Now for rules.  We have a few ways to go here, but I suspect sticking with
perl regular expressions would be the best bet since that's what we're used
to writing.  Then this is really just a transform done before "body" tests.

For example, take a simple word sequence test where the string is long
enough that we don't really care about whitespace or other intervening
characters.

original:

body USE_IDENTITY           /using your identity/i

new:

body USE_IDENTITY           tr/A-Za-z//cd; /usingyouridentity/i

Another, more cautious version would use non-letters as delimiters to arrive
at this:

body USE_IDENTITY           tr/A-Za-z/ /cs; /using your identity/i

If certain transforms become common, we could use aliases, for example:

body USE_IDENTITY           EN_SPACE; /using your identity/i

We could also allow s/// substitutions, but that would have more overhead
and we should avoid it if possible.  tr/// is much faster.  Already with this
proposal, we would have to make a copy of each line being tested to avoid
changing it.

In case it isn't obvious why I am proposing this, see bug 1047.
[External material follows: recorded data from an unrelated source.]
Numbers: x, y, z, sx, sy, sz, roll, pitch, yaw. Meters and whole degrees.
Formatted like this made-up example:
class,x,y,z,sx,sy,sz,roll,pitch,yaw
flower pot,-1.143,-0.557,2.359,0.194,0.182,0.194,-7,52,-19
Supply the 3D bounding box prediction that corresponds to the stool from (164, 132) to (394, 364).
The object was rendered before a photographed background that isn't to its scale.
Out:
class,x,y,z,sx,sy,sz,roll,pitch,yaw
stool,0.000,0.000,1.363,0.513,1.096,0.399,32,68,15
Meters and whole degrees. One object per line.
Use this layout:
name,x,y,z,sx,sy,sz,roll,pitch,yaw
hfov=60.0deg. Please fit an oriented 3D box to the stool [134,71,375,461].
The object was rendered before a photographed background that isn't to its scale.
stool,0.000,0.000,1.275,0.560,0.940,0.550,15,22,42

Comment 1 Daniel Quinlan 2002-10-02 23:49:23 UTC

*** Bug 1047 has been marked as a duplicate of this bug. ***

Comment 2 DJ Atkinson 2002-11-12 13:56:13 UTC

I just want to add my vote of support for coming up with some way around the 
non-whitespace problem.  I'm starting to see a lot more spam with every word 
in the subject in squotes, sometimes even doubled squotes.  Here's an example:

Subject: ''Free'' Shipping 'offer' - Inkjet ''Cartridges'' - up to 80% off

Unfortunately, I'm not familiar enough with SA to suggest which alternative 
might be the best.

Comment 3 Justin Mason 2002-11-12 14:31:46 UTC

not sure if it'll be necessary -- bayes will catch it nicely
I should think.  our tokenizer can cope with that just fine.
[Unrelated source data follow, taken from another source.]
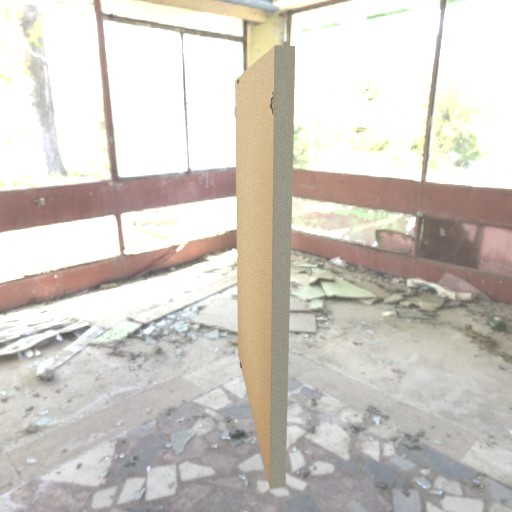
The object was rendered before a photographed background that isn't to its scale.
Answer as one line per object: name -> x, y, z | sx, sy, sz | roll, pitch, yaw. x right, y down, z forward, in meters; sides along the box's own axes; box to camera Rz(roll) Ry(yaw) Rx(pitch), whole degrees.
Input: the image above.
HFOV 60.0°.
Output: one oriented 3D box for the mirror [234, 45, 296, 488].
mirror -> 0.000, 0.000, 1.161 | 0.041, 0.914, 0.609 | -3, 17, -9
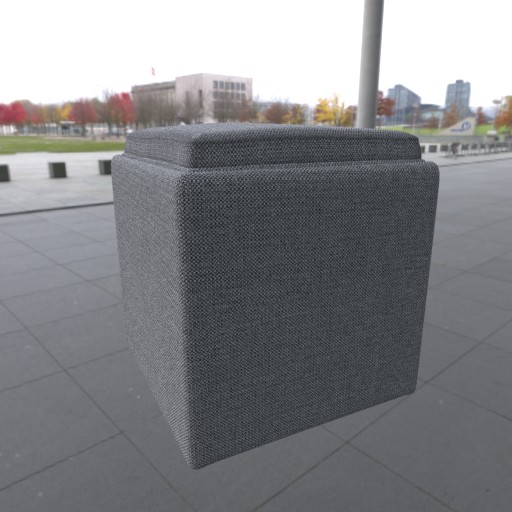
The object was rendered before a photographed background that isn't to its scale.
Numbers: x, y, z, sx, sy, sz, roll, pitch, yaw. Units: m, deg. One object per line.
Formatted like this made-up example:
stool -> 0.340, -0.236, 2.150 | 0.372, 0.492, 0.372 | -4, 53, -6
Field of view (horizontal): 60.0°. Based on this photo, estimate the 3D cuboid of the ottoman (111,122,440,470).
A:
ottoman -> 0.000, 0.000, 0.845 | 0.436, 0.487, 0.454 | -8, 18, -26
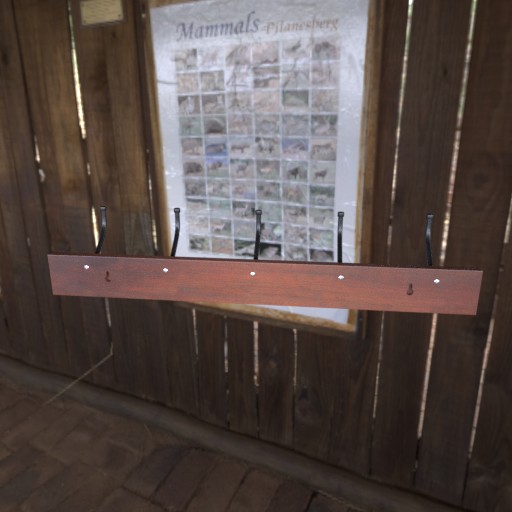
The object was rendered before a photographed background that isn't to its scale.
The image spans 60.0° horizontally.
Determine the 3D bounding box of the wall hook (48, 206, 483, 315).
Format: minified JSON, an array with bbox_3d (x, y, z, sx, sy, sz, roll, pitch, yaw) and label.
[{"bbox_3d":[0.000,0.000,0.612,0.571,0.117,0.071,2,17,7],"label":"wall hook"}]
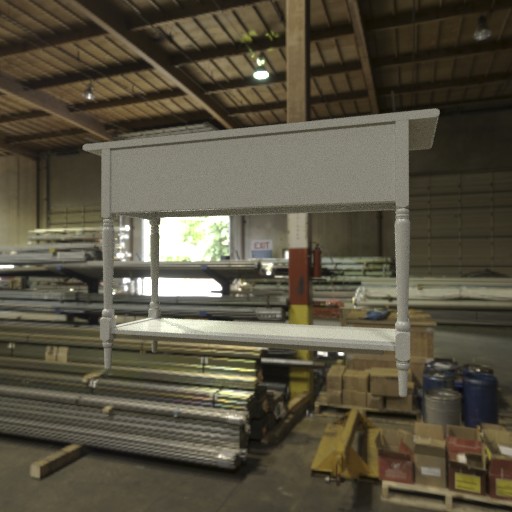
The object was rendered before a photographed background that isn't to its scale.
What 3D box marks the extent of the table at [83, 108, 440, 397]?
[{"bbox_3d":[0.000,0.000,1.589,1.197,0.808,0.384,0,-1,19],"label":"table"}]
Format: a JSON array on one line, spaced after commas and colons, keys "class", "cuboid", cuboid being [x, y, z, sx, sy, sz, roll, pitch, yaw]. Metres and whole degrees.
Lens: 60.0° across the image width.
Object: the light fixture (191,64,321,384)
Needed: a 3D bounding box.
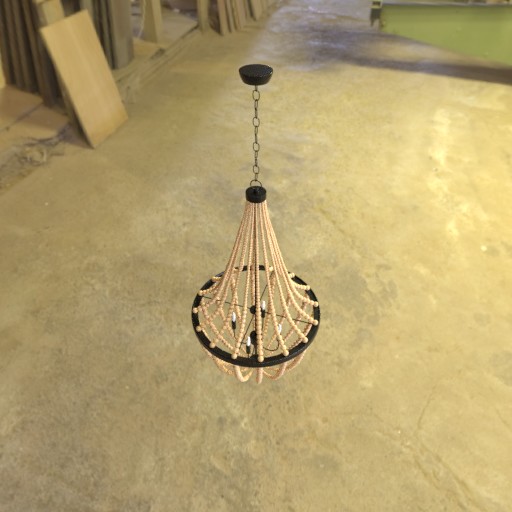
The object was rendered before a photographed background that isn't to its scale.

Comment 4 Daniel Quinlan 2002-11-12 14:35:06 UTC

It seems like it might be useful to have some way to test word sequences.
Bayes doesn't do that.  Most of our body tests amount to word sequences
and all the business about .{0,5} and such is to allow intermediate words
or get around quotes and such.

transforms are rather fast and having some tests eliminate non-word characters
would not be too expensive.

My original scheme may be a bit excessive, but I think some solution may be
useful.

Comment 5 Justin Mason 2002-11-12 15:40:16 UTC

ok, I see your point.

I'd suggest that a new test type would be better;
e.g.

   phrase USE_IDENTITY    using your identity

and skipping words would be

   phrase USE_IDENTITY    using 1WORD identity

or similar.  this would be handy for future use of a lexer for speed,
and is a bit more readable...

...thinks... hmm, maybe not. this has no way of doing alternatives
like /our readers (?:to|with)/i, so we're pretty much stuck with
regexps.

However I still think making a new "rule type" for this is easiest.

Comment 6 Rob McMillin 2002-11-12 16:04:24 UTC

See bug 1207 as a suggestion on how to deal with the unpleasantness described 
in comment 2.

BTW, why isn't comment numbering active in this Bugzilla instance?

Comment 7 Justin Mason 2002-12-13 10:46:07 UTC

See also bug 1002 for a proposed workaround (summary: add a new
backslash-entity for "whitespace or other word-sep chars",
which we expand before passing to regexp engine.)

Comment 8 Daniel Quinlan 2004-06-01 10:53:22 UTC

*** Bug 3454 has been marked as a duplicate of this bug. ***

Comment 9 Duncan Findlay 2004-11-30 19:10:25 UTC

It seems this isn't really an issue... Bayes seems to handle most of these
situations, and it seems like it would provide little gain.